# Happy birthday Catherine ( catlieber )



## Ans (Jan 4, 2008)

Happy birthday from the Netherlands.


----------



## Judy A (Jan 13, 2007)

Happy Birthday, Catherine....hope it's a beautiful day for you.


----------



## Sissygirl (Aug 8, 2007)

Happy Birthday Catherine! Hope you have a wonderful day!!


----------



## suzyfrtz (Nov 12, 2007)

Happy Birthday Blessings to you, Catherine. Cazzie wags his tail for you!

Suzy


----------



## Me&2Girls (May 11, 2007)

Ditto from here. Hope your birthday is wonderful.


----------



## NancyVB (Jun 27, 2007)

Happy Birthday Catherine!

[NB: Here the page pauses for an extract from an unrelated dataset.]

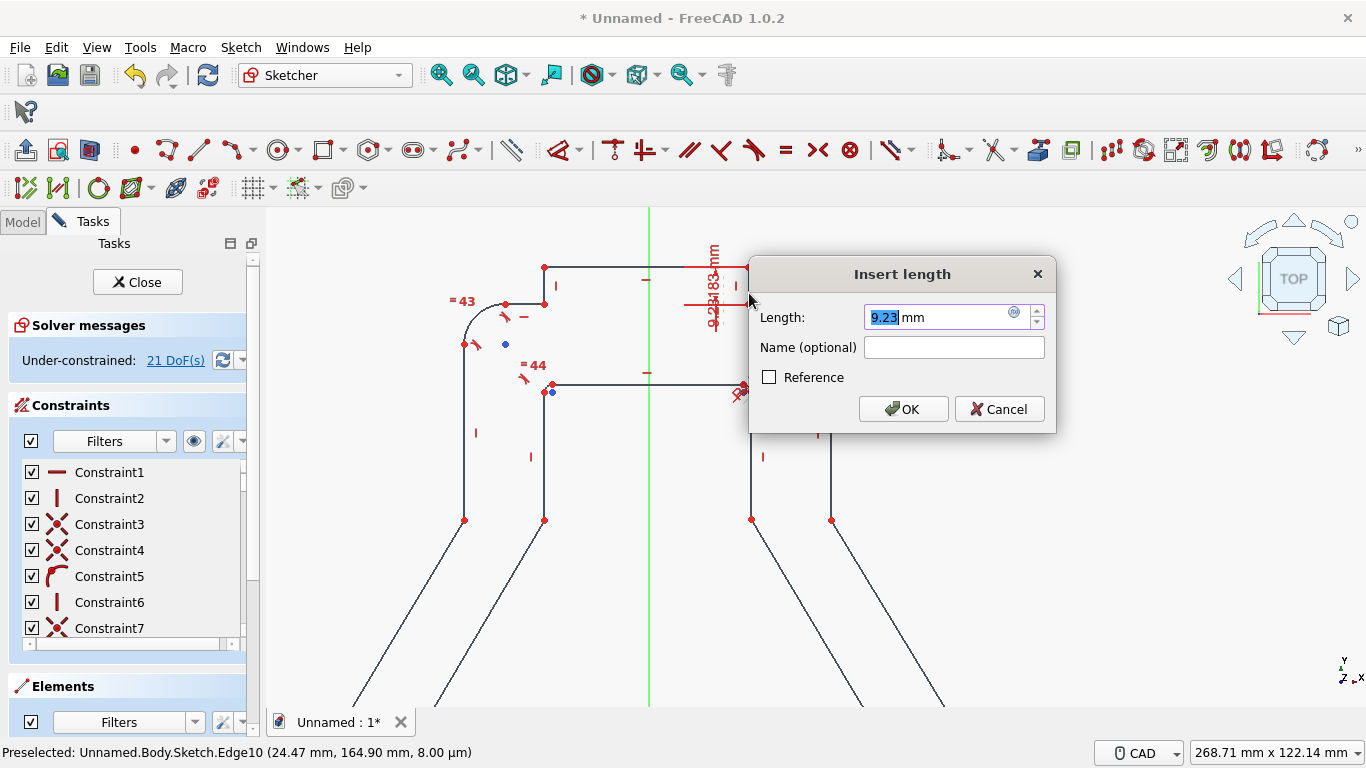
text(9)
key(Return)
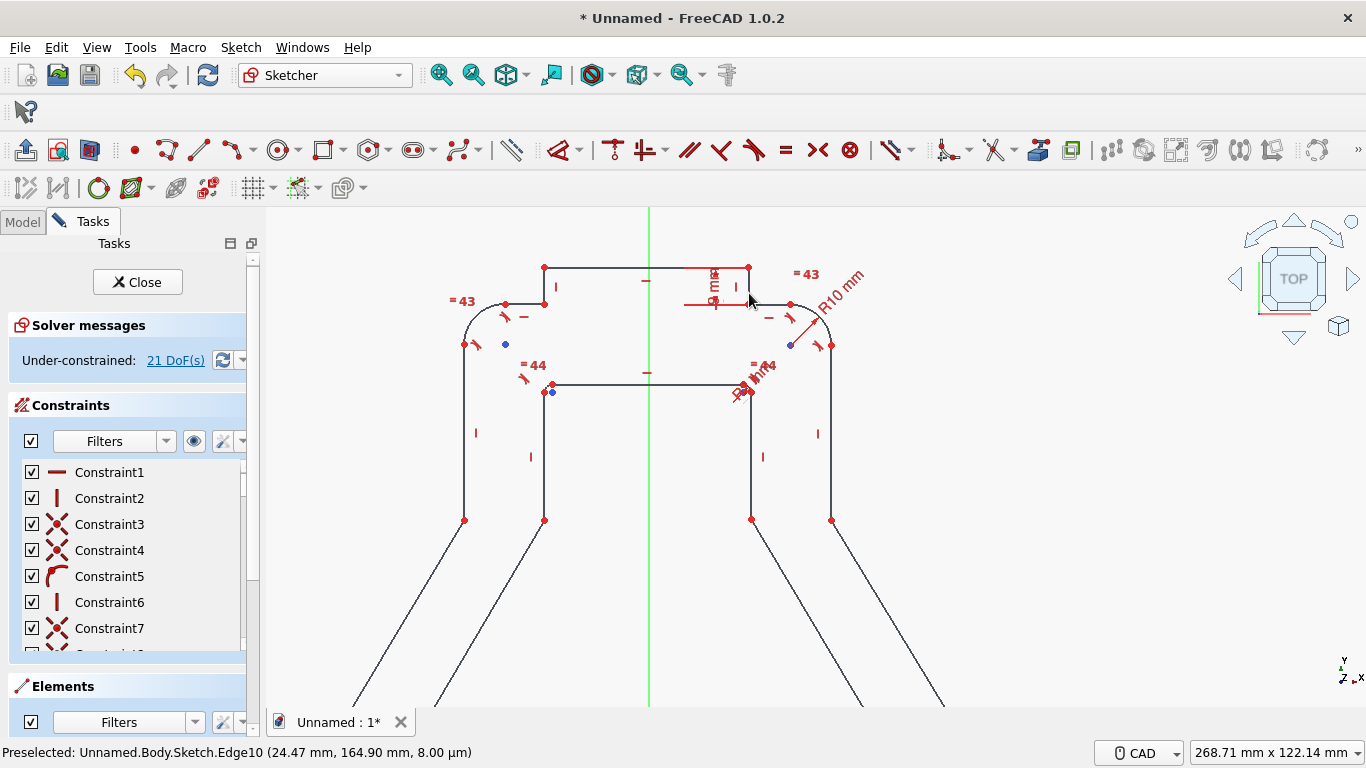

Have a Great day!


----------



## Julie (Feb 8, 2007)

arty::drum: Happy Birthday Catherine! :drum:arty:

Hope you have a great day!!!


----------



## Olliesmom (Sep 29, 2006)

I think this is for me!!! Is there another Catherine with a bday tomorrow??

Thanks!!!! It will be a great day!!!

How can it not be.....*With 50 plus havanese!!!!!!!!* eace: at my birthday party!!!!!!!!:whoo:


----------



## MaddiesMom (Apr 1, 2007)

HAPPY, HAPPY BIRTHDAY CATHERINE!!!!]


----------